0.21389 Hz(Veletsos),

0.213656 Hz((Housner)
tallCylinder-10x10 0.215668 Hz
tallCylinderIncomp-15x15 0.21567 Hz
tallCylinder-15x15 0.215668 Hz

Table E.6.8 Impulsive Frequencies of tallCylinder Model

Numerical Solution Analytic Solution
Model Natural Frequency
tallCylinder-10x10 12.346 Hz 12.3333 Hz
tallCylinder-15x15 12.346 Hz

Figure E.6.4 Sloshing Mode of tallCylinder-10.x10

Figure E.6.5 Impulsive Mode of tallCylinder-10.x10

Input File

  • wideCylinder-20x10.inp : Wide Cylinder with 20*10 elements

  • wideCylinderIncomp-20x10.inp : Wide Cylinder with 20*10 elements, Incompressible Water

  • wideCylinder-30x15.inp : Wide Cylinder with 30*15 elements

  • wideCylinderIncomp-30x15.inp : Wide Cylinder with 30*15 elements, Incompressible Water

  • tallCylinder-10x10.inp : Tall Cylinder with 10*10 elements

  • tallCylinderIncomp-10x10.inp : Tall Cylinder with 10*10 elements, Incompressible Water

  • tallCylinder-15x15.inp : Tall Cylinder with 15*15 elements

  • tallCylinderIncomp-15x15.inp : Tall Cylinder with 15*15 elements, Incompressible Water

References

  1. Lamb, H. (1945) Hydrodynamics, 6th Edition, Dover Publications.
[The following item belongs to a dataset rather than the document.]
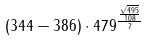Convert formula to latex. <formula><loc_0><loc_0><loc_500><loc_500>( 3 4 4 - 3 8 6 ) \cdot 4 7 9 ^ { \frac { \frac { \sqrt { 4 9 5 } } { 1 0 8 } } { 7 } }</formula> 
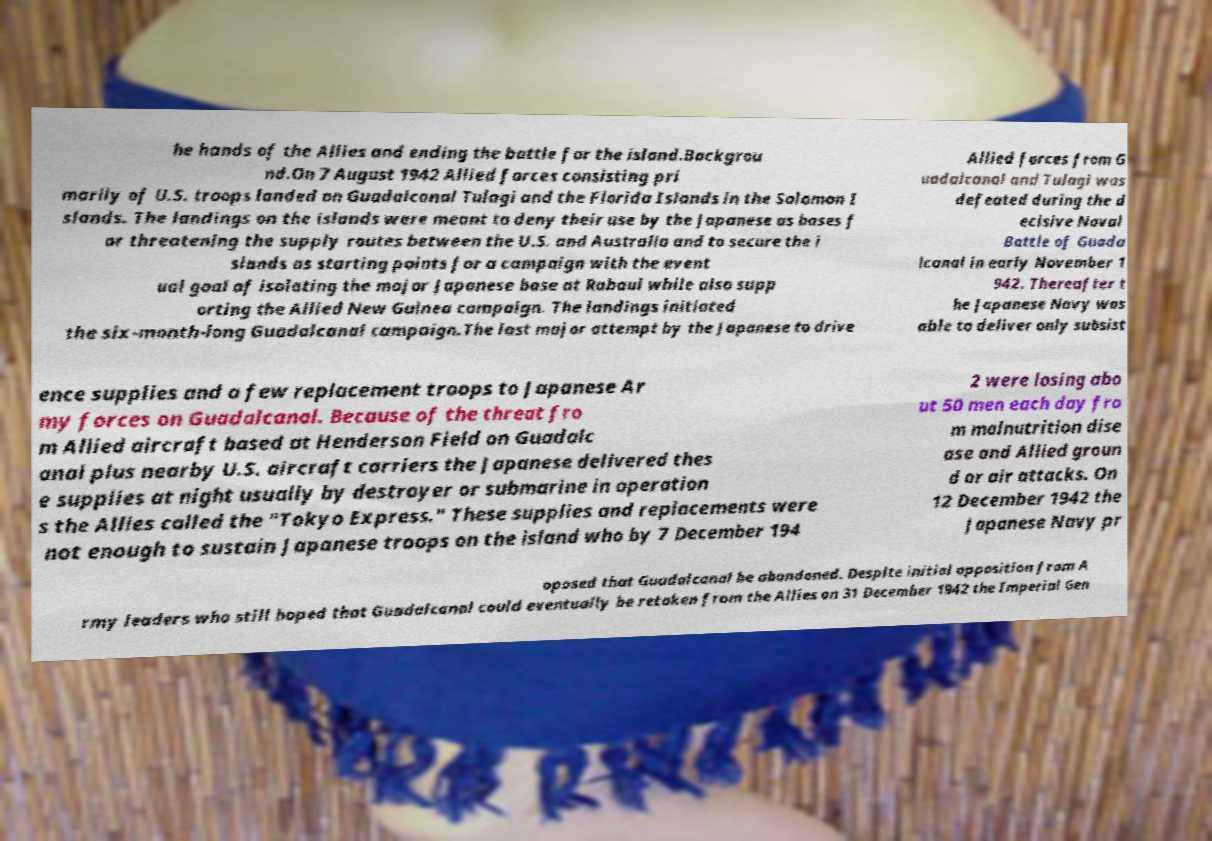Could you extract and type out the text from this image? he hands of the Allies and ending the battle for the island.Backgrou nd.On 7 August 1942 Allied forces consisting pri marily of U.S. troops landed on Guadalcanal Tulagi and the Florida Islands in the Solomon I slands. The landings on the islands were meant to deny their use by the Japanese as bases f or threatening the supply routes between the U.S. and Australia and to secure the i slands as starting points for a campaign with the event ual goal of isolating the major Japanese base at Rabaul while also supp orting the Allied New Guinea campaign. The landings initiated the six-month-long Guadalcanal campaign.The last major attempt by the Japanese to drive Allied forces from G uadalcanal and Tulagi was defeated during the d ecisive Naval Battle of Guada lcanal in early November 1 942. Thereafter t he Japanese Navy was able to deliver only subsist ence supplies and a few replacement troops to Japanese Ar my forces on Guadalcanal. Because of the threat fro m Allied aircraft based at Henderson Field on Guadalc anal plus nearby U.S. aircraft carriers the Japanese delivered thes e supplies at night usually by destroyer or submarine in operation s the Allies called the "Tokyo Express." These supplies and replacements were not enough to sustain Japanese troops on the island who by 7 December 194 2 were losing abo ut 50 men each day fro m malnutrition dise ase and Allied groun d or air attacks. On 12 December 1942 the Japanese Navy pr oposed that Guadalcanal be abandoned. Despite initial opposition from A rmy leaders who still hoped that Guadalcanal could eventually be retaken from the Allies on 31 December 1942 the Imperial Gen

  2. Veletos, A.S.(1984), Seismic reesponse and design of liquid storage tanks, Guidelines for the seismic design of oil and gas pipeline systems, ASCE

  3. Housner, G. W. (1957). Dynamic pressures on accelerated fluid containers. Bulletin of the seismological society of America, 47(1), 15-35.